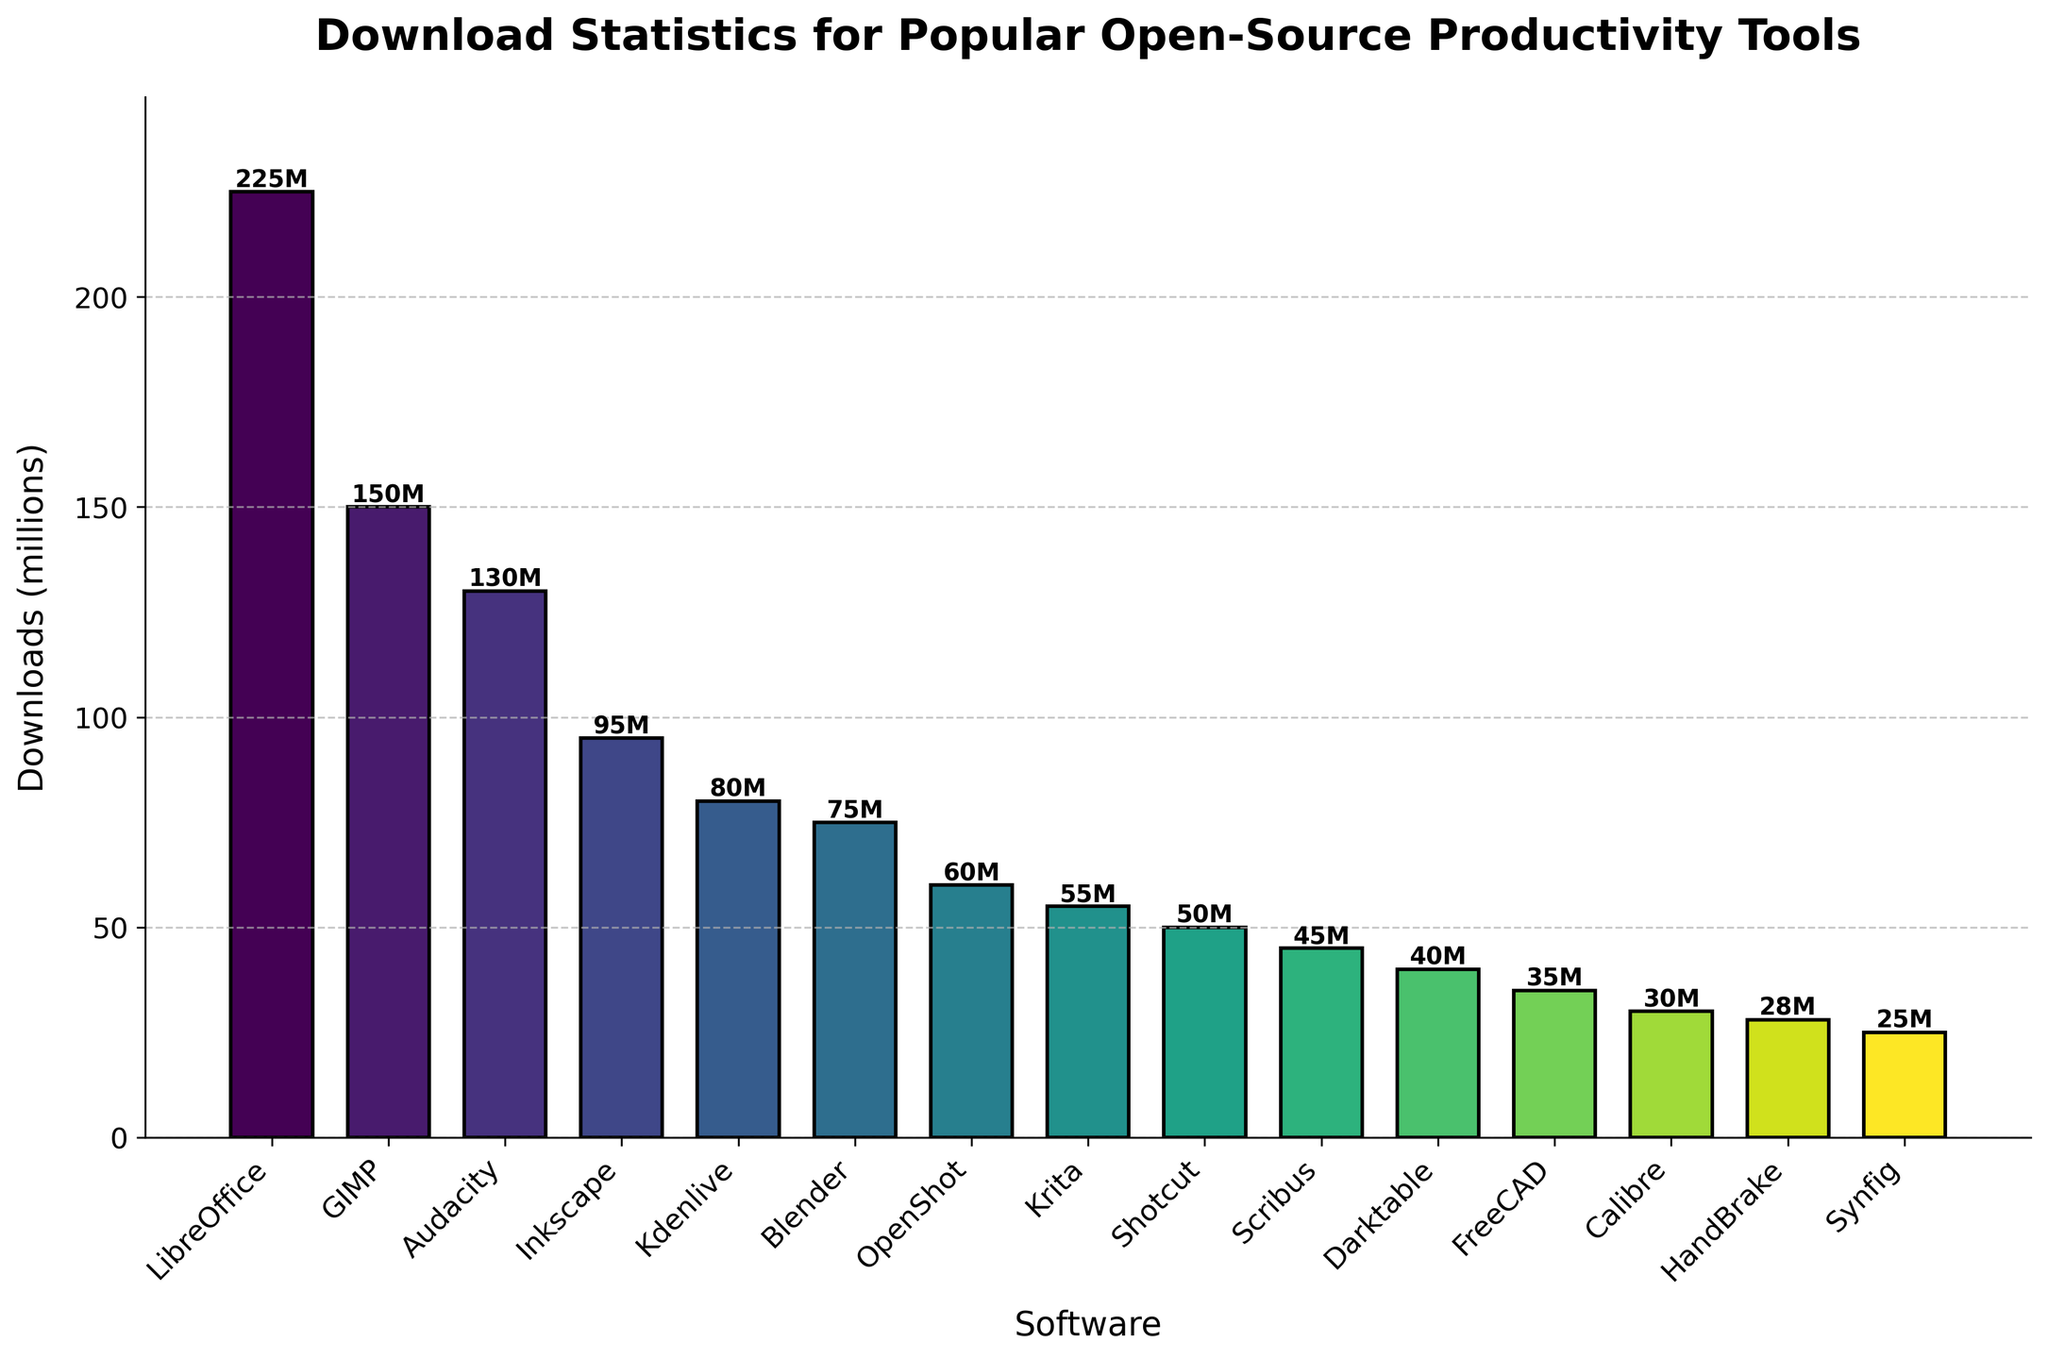Which software has the highest number of downloads? By examining the height of the bars in the chart, we can see that the bar for LibreOffice is the tallest, indicating it has the highest number of downloads
Answer: LibreOffice Which software has the lowest number of downloads? By looking at the shortest bar in the chart, we can determine that the bar for Synfig is the shortest, indicating it has the lowest number of downloads
Answer: Synfig What is the total number of downloads for GIMP, Audacity, and Inkscape combined? Add up the downloads for GIMP (150M), Audacity (130M), and Inkscape (95M): 150 + 130 + 95 = 375
Answer: 375 million Which software has fewer downloads: Kdenlive or Blender? Compare the height of the bars for Kdenlive and Blender. The bar for Blender is shorter than Kdenlive, indicating Blender has fewer downloads
Answer: Blender How many downloads does Audacity have relative to Kdenlive's downloads? Audacity has 130M downloads, and Kdenlive has 80M downloads. To find the relative amount: 130 - 80 = 50
Answer: 50 million more What is the average number of downloads for the software listed? The total sum of downloads for all software is: 225 + 150 + 130 + 95 + 80 + 75 + 60 + 55 + 50 + 45 + 40 + 35 + 30 + 28 + 25 = 1123. There are 15 software items, so the average is: 1123 / 15 = 74.87
Answer: 74.87 million Identify the software with more than 100 million downloads but less than 200 million downloads The software in this range is GIMP (150M) and Audacity (130M)
Answer: GIMP and Audacity Is the color of the bar for LibreOffice lighter or darker than the bar for Synfig? According to the viridis colormap, bars representing higher values are lighter. The bar for LibreOffice is lighter in color than the bar for Synfig
Answer: Lighter Calculate the difference in downloads between Inkscape and Shotcut Inkscape has 95M downloads, and Shotcut has 50M downloads. The difference is: 95 - 50 = 45
Answer: 45 million How many unique software have downloads more than 50 million but less than 100 million? The software in this download range are Inkscape (95M), Kdenlive (80M), Blender (75M), OpenShot (60M), and Krita (55M). There are 5 such software
Answer: 5

####################

* _Work instructions_: Start at the first line of the records and write out everything up to and including the line containing "Answer: Synfig What". No pictures.

* _Answer for this exercise_:
Which software has the highest number of downloads? By examining the height of the bars in the chart, we can see that the bar for LibreOffice is the tallest, indicating it has the highest number of downloads
Answer: LibreOffice Which software has the lowest number of downloads? By looking at the shortest bar in the chart, we can determine that the bar for Synfig is the shortest, indicating it has the lowest number of downloads
Answer: Synfig What is the total number of downloads for GIMP, Audacity, and Inkscape combined? Add up the downloads for GIMP (150M), Audacity (130M), and Inkscape (95M): 150 + 130 + 95 = 375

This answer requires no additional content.